If you feel like you need help with implementing this, contact your Jamf SE.

jimw
New Contributor III

@jaharmi Thanks for the suggestion. Initial testing seems positive. Obviously, I would love to be able to append this line to the existing file, rather than replace the whole thing, but it looks promising. More testing will be conducted next week.

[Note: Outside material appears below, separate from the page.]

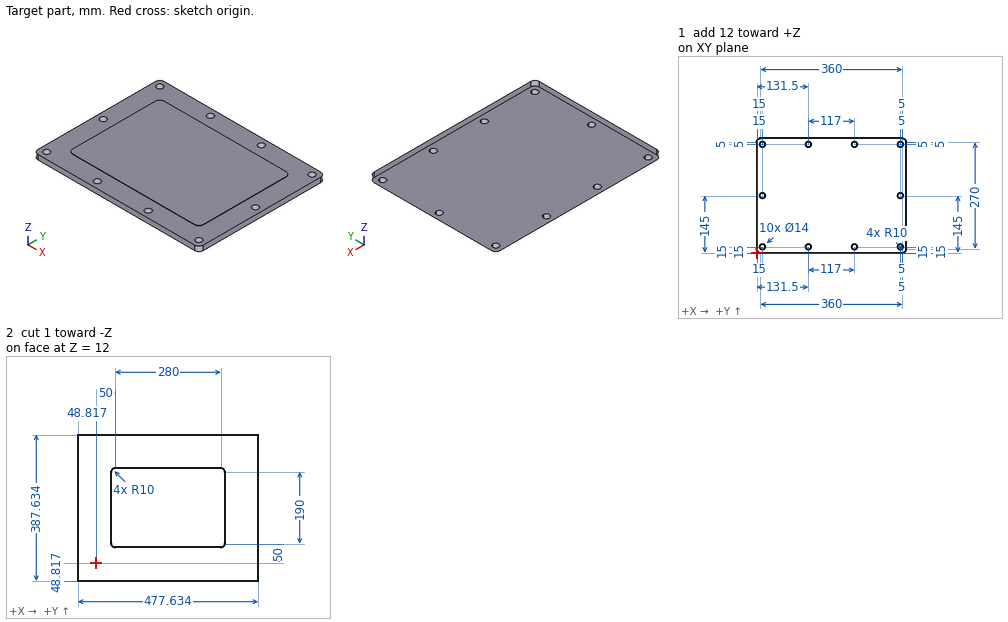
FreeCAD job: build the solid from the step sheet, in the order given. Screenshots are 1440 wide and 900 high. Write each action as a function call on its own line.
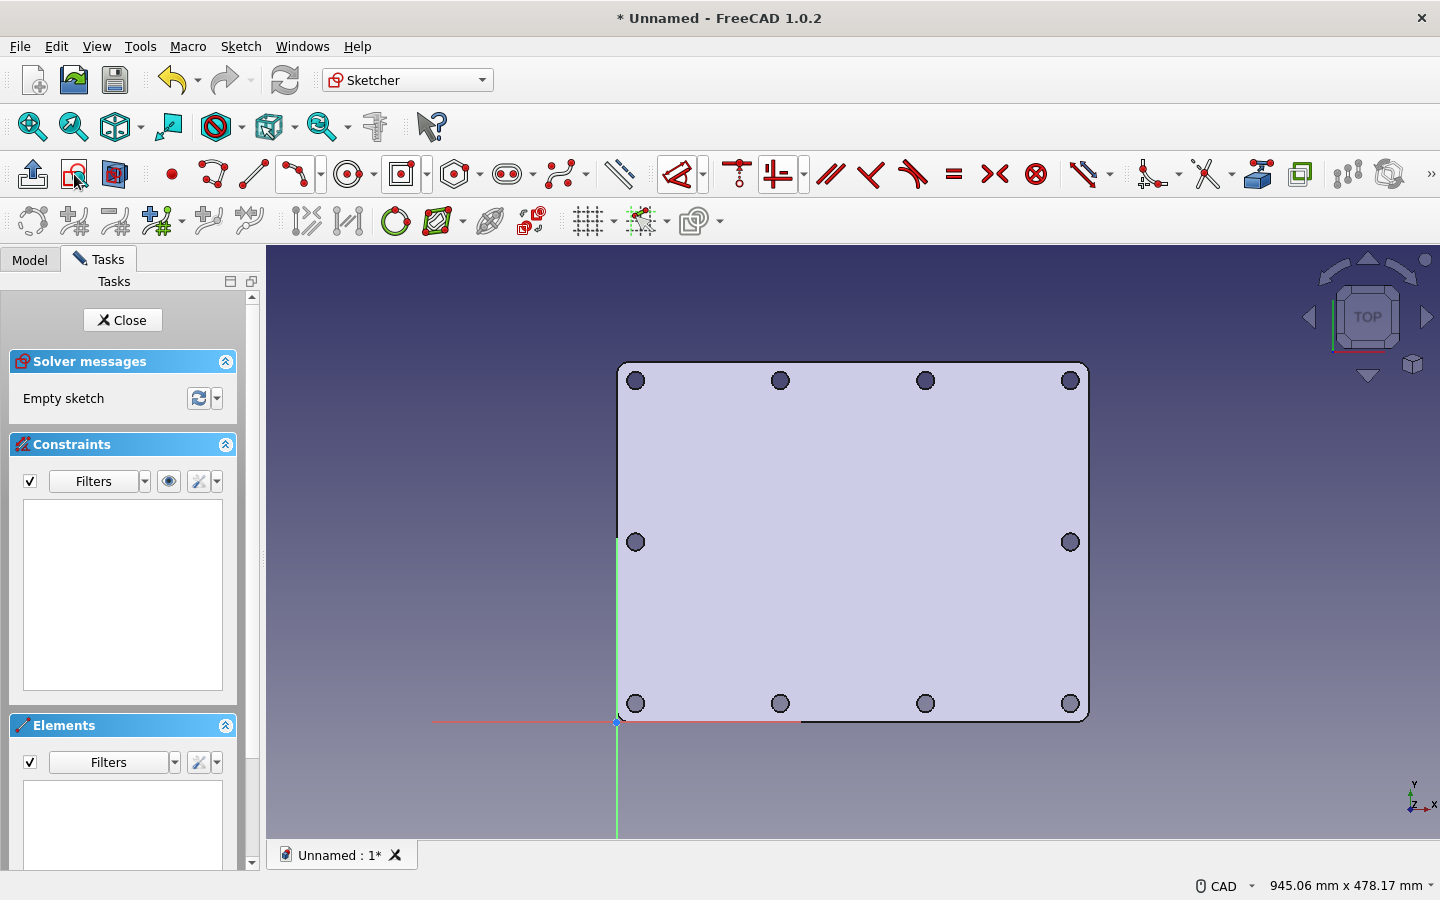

@mwoodruff Thank you very much for the link. I didn't realize this resource existed. This will definitely save some time with other parts of the project. However, the snippet of code I extracted regarding modifying the sudoers file doesn't seem to work.

# 5.3 Reduce the sudo timeout period
# Verify organizational score
Audit5_3="`defaults read "$plistlocation" OrgScore5_3`"
# If organizational score is 1 or true, check status of client
# If client fails, then remediate
if [ "$Audit5_3" = "1" ]; then
sudoTimeout=`cat /etc/sudoers | grep timestamp`
if [ "$sudoTimeout" = "" ]; then
    echo "Defaults timestamp_timeout=0" >> /etc/sudoers; else
    echo "5.3 passed"
fi
fi

I just passed the part of the script that was relevant and I'm getting a permissions denied error.

Nix4Life
Valued Contributor

have you tried via /etc/sudoers.d?

Create a file "defaults_timestamp_timeout" with the contents:
Defaults timestamp_timeout = 0. then copy it to /etc/sudoers.d.
confirm permissions(644 root:wheel)

L

jimw
New Contributor III

@LSinNY I just tried the /etc/sudoers.d/ drop in file and it seems to work. I'm going to package it all up and test it out further in our lab.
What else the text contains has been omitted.